The Lost Treasure of Trevlyn eBook

This eBook from the Gutenberg Project consists of approximately 540 pages of information about The Lost Treasure of Trevlyn.

The Lost Treasure of Trevlyn eBook

This eBook from the Gutenberg Project consists of approximately 540 pages of information about The Lost Treasure of Trevlyn.

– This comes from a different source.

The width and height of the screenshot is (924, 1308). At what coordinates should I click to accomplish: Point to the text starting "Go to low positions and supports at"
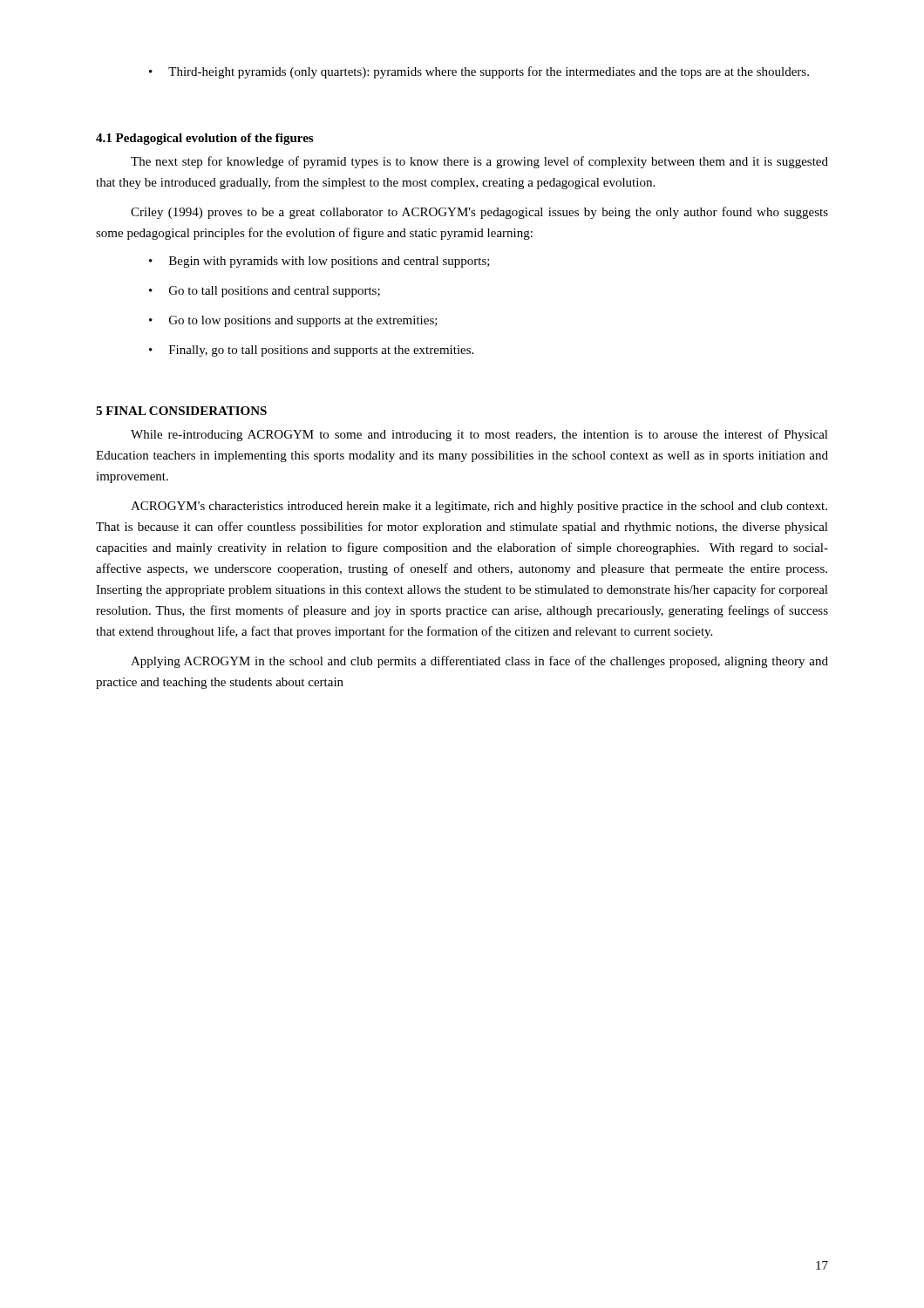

No volition of his own was needed to carry him onwards; wind and tide did all that.  He had merely to keep his place and steer his little bark up the wide river.  He saw against the sky the great pile of Westminster.  He had drifted almost across the river by that time.  He was seated in the bow of the boat, just dipping an oar from time to time as it slipped along beneath the trees.  And now the moon shone out for a few minutes clear and bright.  It did not shine upon his own craft, gliding so stealthily beneath the bare trees that fringed the wall of the very house he had come to see; but it did gleam upon another wherry out in midstream, rowed by a strong man wrapped in a cloak, and directed straight for the same spot.  Cuthbert started, and caught hold of a bough of a weeping willow, bringing his boat to a standstill in a place where the shadow was blackest.  He had no wish to be found in this strange position.  He would remain hidden until this other boat had landed at the steps.  He would be hidden well where he was.  He had better be perfectly silent, and so remain.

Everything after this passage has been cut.